***** Records for processing

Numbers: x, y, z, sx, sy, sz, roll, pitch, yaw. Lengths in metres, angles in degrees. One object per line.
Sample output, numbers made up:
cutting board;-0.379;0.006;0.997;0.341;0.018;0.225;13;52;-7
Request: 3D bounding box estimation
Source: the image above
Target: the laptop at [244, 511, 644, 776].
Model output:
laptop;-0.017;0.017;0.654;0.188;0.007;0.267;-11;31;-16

**********
***** Records for processing

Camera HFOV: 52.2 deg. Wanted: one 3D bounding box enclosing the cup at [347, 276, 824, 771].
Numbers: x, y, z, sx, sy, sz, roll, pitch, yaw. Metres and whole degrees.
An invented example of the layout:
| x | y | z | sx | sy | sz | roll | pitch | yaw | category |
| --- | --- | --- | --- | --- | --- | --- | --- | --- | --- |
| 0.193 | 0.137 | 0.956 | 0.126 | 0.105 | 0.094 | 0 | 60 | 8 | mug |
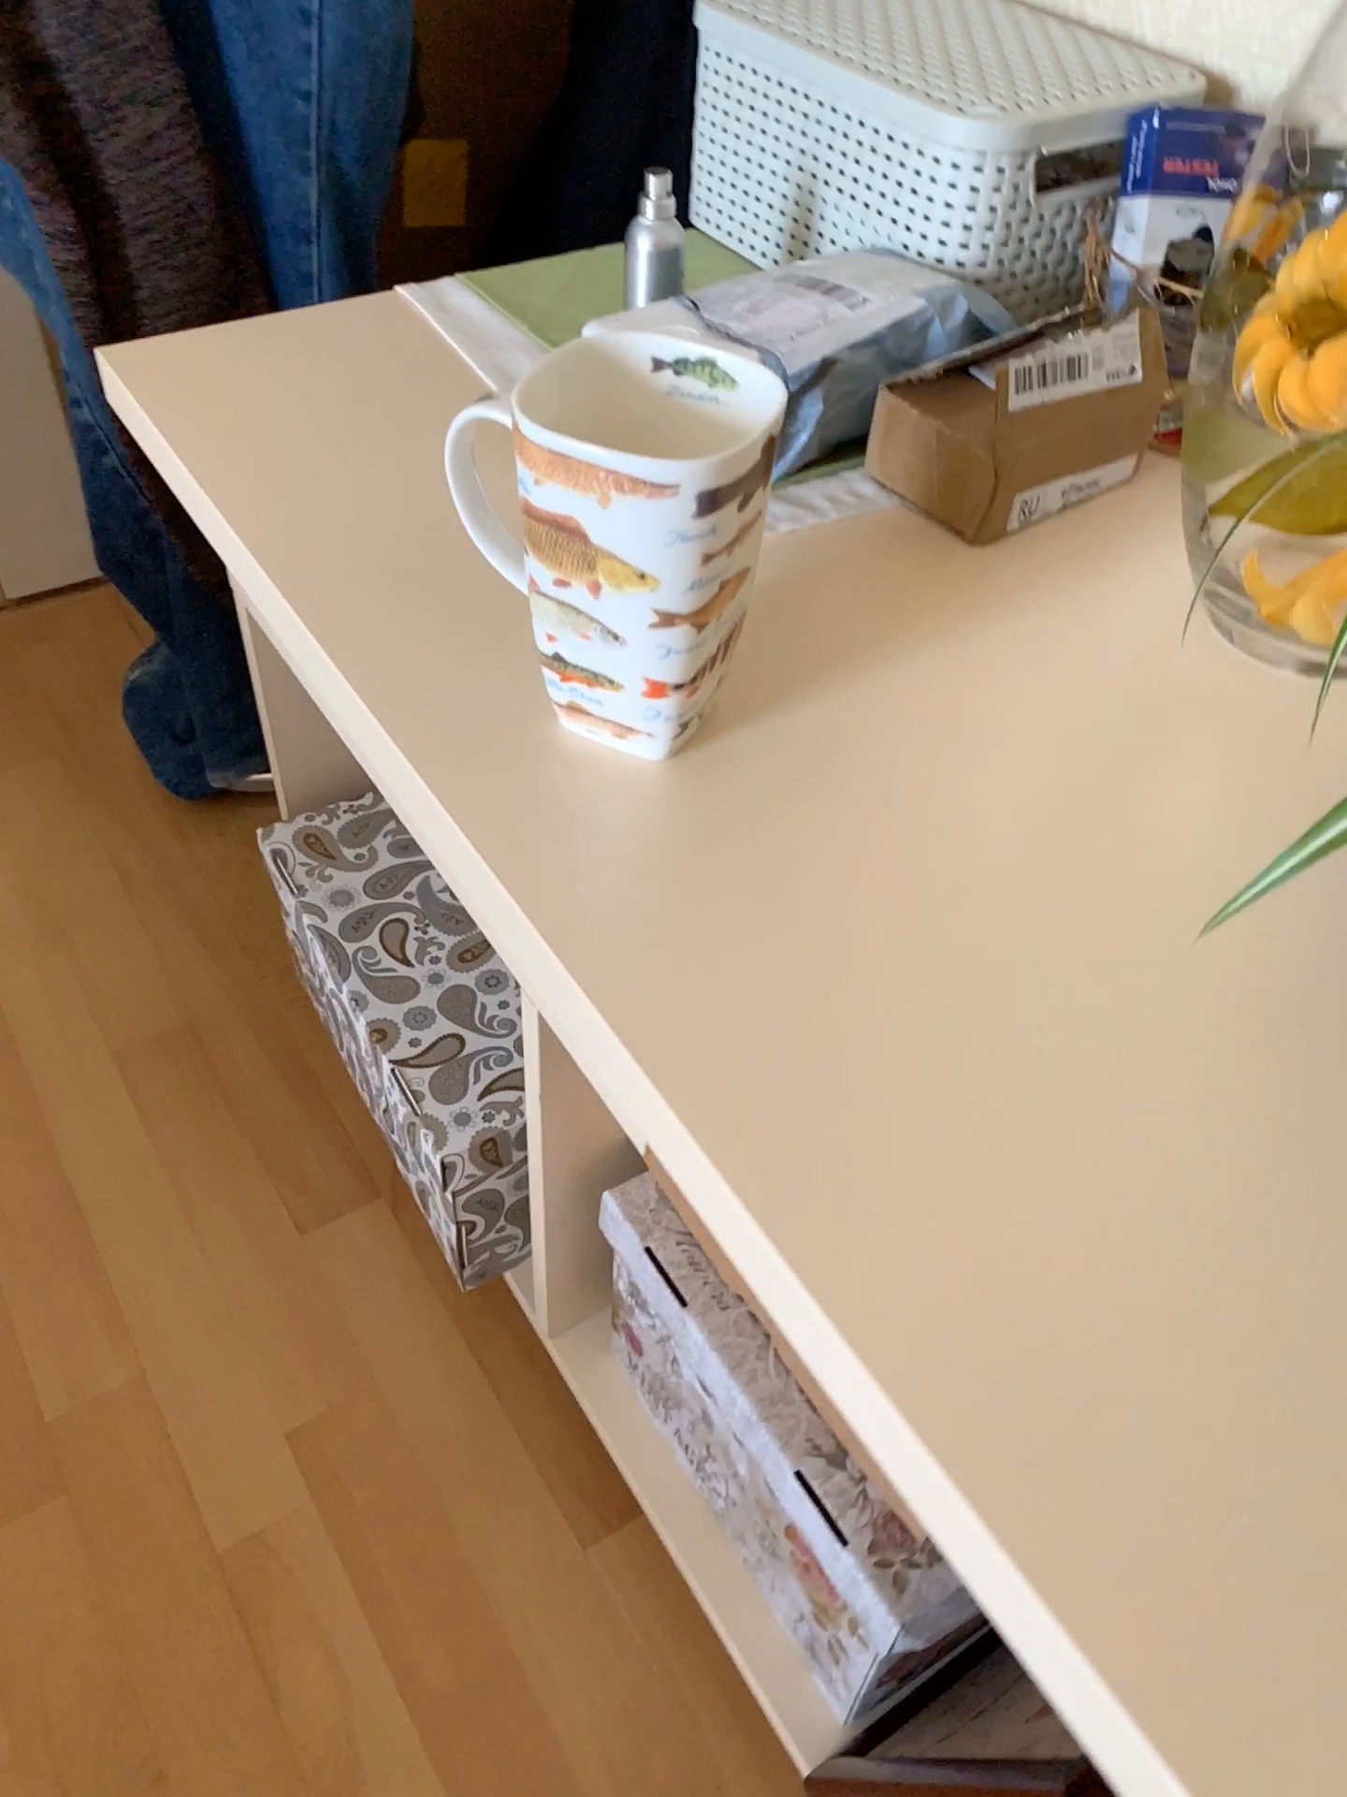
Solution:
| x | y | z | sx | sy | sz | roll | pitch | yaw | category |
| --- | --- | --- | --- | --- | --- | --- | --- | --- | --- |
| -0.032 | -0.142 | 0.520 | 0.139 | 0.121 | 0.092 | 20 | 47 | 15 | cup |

**********
***** Records for processing

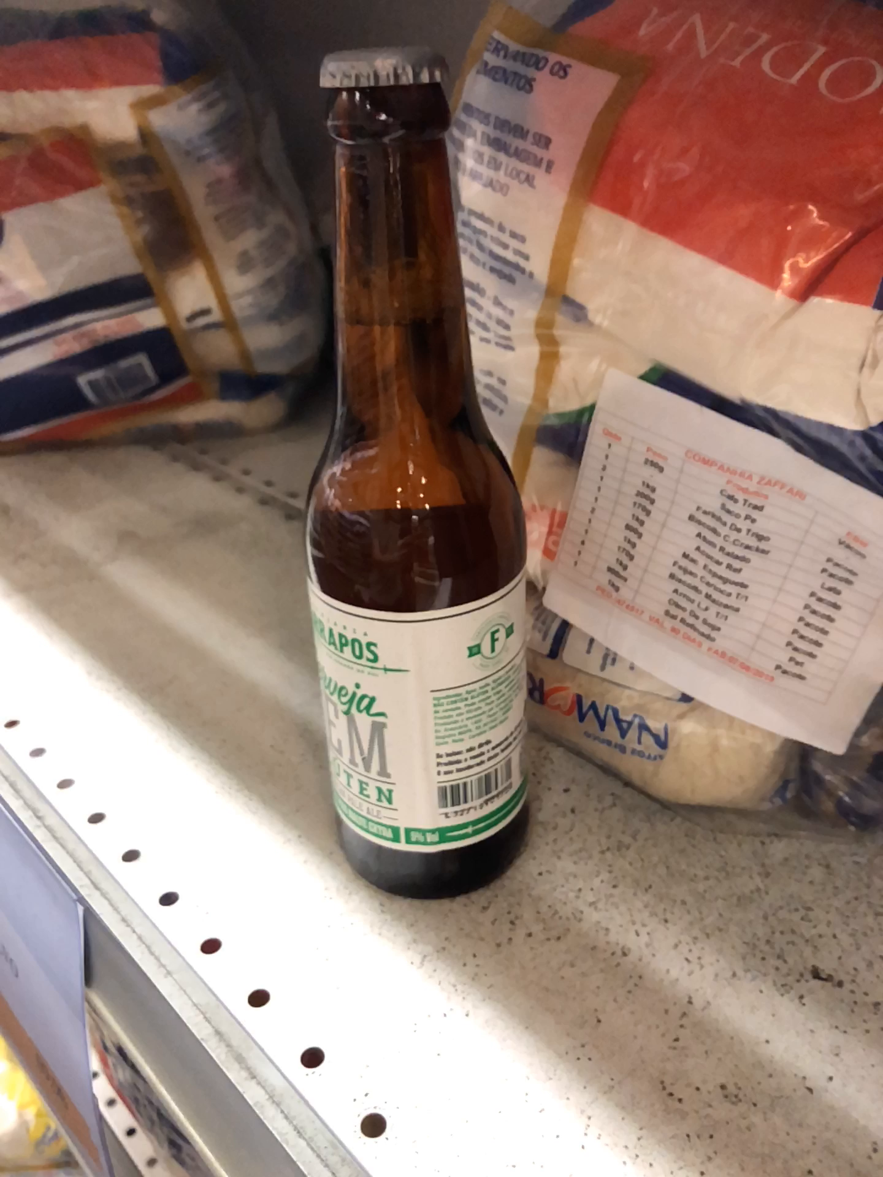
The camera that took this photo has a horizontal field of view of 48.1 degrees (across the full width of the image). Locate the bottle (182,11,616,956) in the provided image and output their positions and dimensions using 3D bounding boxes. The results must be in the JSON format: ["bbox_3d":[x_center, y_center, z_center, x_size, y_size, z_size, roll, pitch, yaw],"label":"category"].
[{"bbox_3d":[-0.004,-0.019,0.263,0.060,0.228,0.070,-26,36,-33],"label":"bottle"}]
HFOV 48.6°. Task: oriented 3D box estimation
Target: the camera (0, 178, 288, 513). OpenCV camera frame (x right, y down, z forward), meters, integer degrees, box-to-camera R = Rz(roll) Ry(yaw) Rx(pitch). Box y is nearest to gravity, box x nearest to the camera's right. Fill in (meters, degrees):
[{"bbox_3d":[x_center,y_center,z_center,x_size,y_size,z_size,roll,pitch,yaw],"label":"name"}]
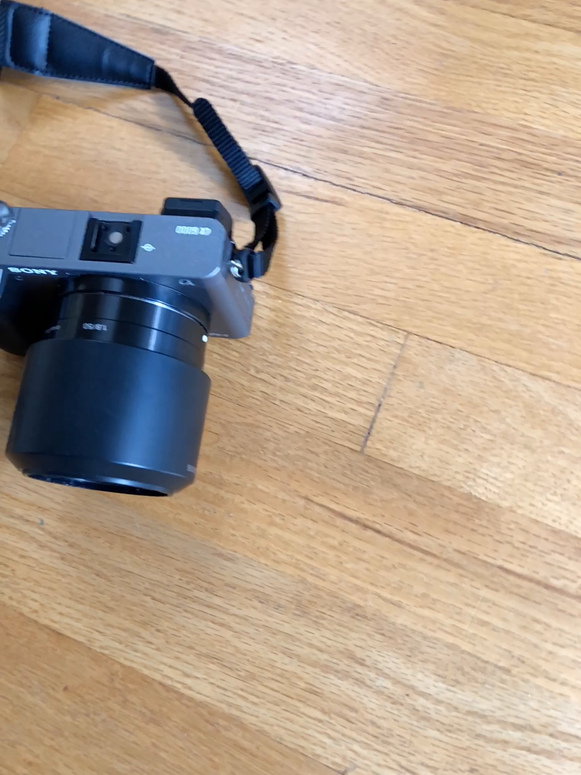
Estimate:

**********

Your answer should be the lines of the material above that include "HFOV".

# Answer
Camera HFOV: 52.2 deg. Wanted: one 3D bounding box enclosing the cup at [347, 276, 824, 771].
HFOV 48.6°. Task: oriented 3D box estimation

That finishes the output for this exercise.